Mother’s Day
by Don Niederfrank
The saddest Sunday of the year. I was really looking forward to my dogs greeting me as I came in the front door. But they didn’t. Then I saw him on the other side of the living room going through my old rolltop desk.
“What the hell? Who are you?”
He turned around, reached into a well-worn camo jacket and pulled out a small pistol.
“I’m the guy whose robbing you. Give me your billfold.”
Then I saw them, my two huskies. There was a lot of blood. Those must have been the shots I heard when I turned onto our street. They were gentle dogs. Samson was old and could hardly stand. Helena was a pup. I wanted to kill him. Only the gun kept me from it.

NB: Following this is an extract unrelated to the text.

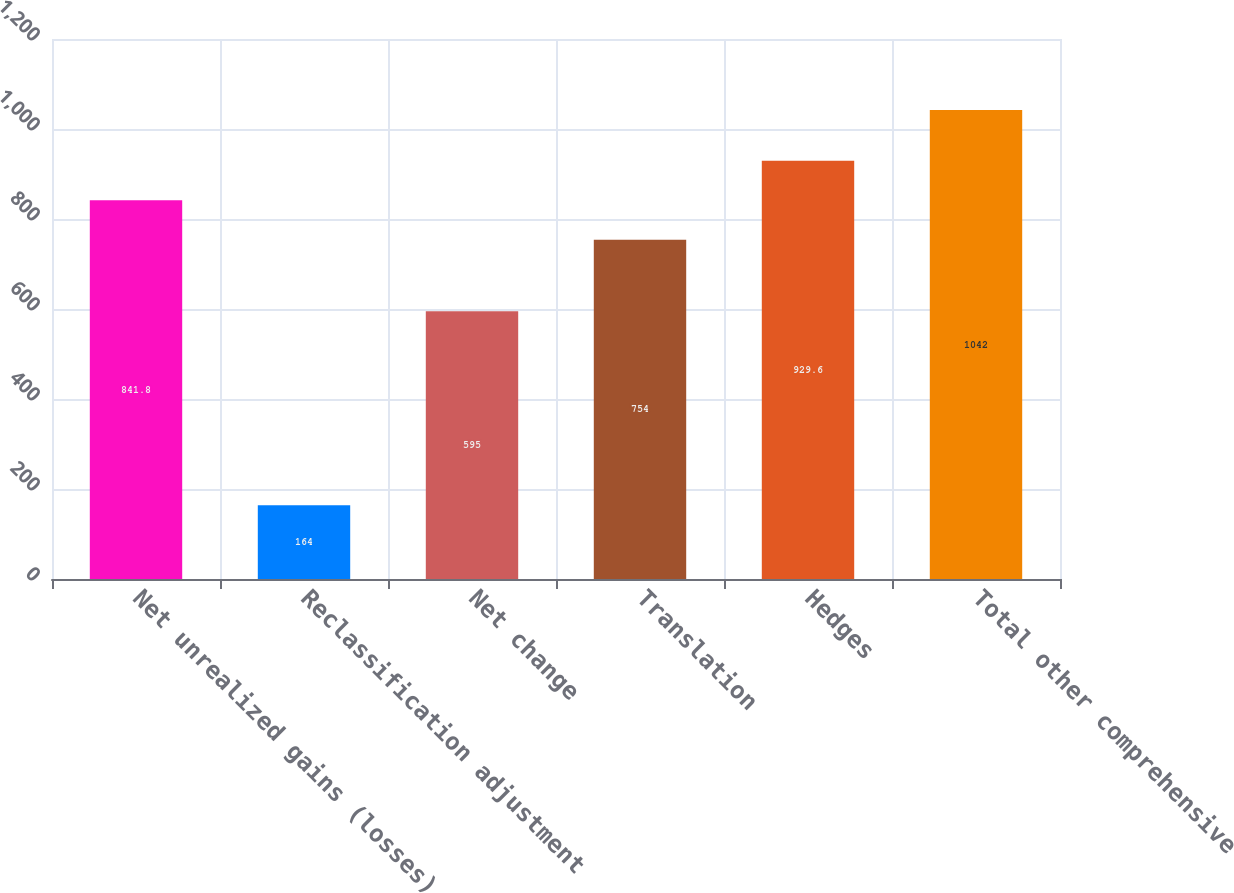Convert chart to OTSL. <chart><loc_0><loc_0><loc_500><loc_500><bar_chart><fcel>Net unrealized gains (losses)<fcel>Reclassification adjustment<fcel>Net change<fcel>Translation<fcel>Hedges<fcel>Total other comprehensive<nl><fcel>841.8<fcel>164<fcel>595<fcel>754<fcel>929.6<fcel>1042<nl></chart> 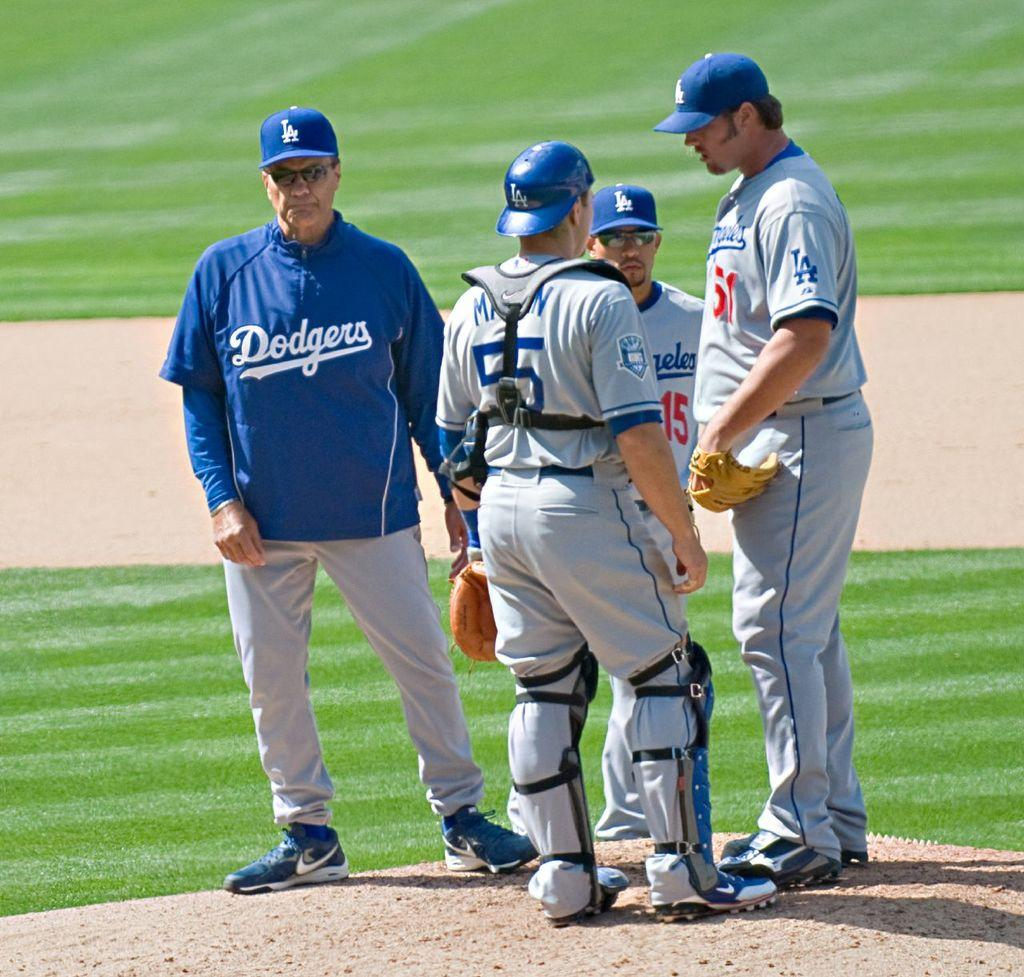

He was my age, mid-fifties, but lot bigger. I pulled out my billfold and took a step toward him. Let’s see if you’re as slow as you look. When he reached for my wallet, I kicked hard at the gun. Perfect. His eyes followed its upward flight. I took a quick step and pushed him. He fell. The gun landed in front me, and I picked it up.
“Sit there.” I nodded at the oak rocker. He sat. I opened the drawer of an end table. Now I was holding a familiar weapon—my dad’s old 9 mm. “You should have looked in there first.”
“I just got here.”
I fought to stay rational in my anger, but this bastard had come into my sanctuary and shot my dogs. My only companions. I wanted him dead.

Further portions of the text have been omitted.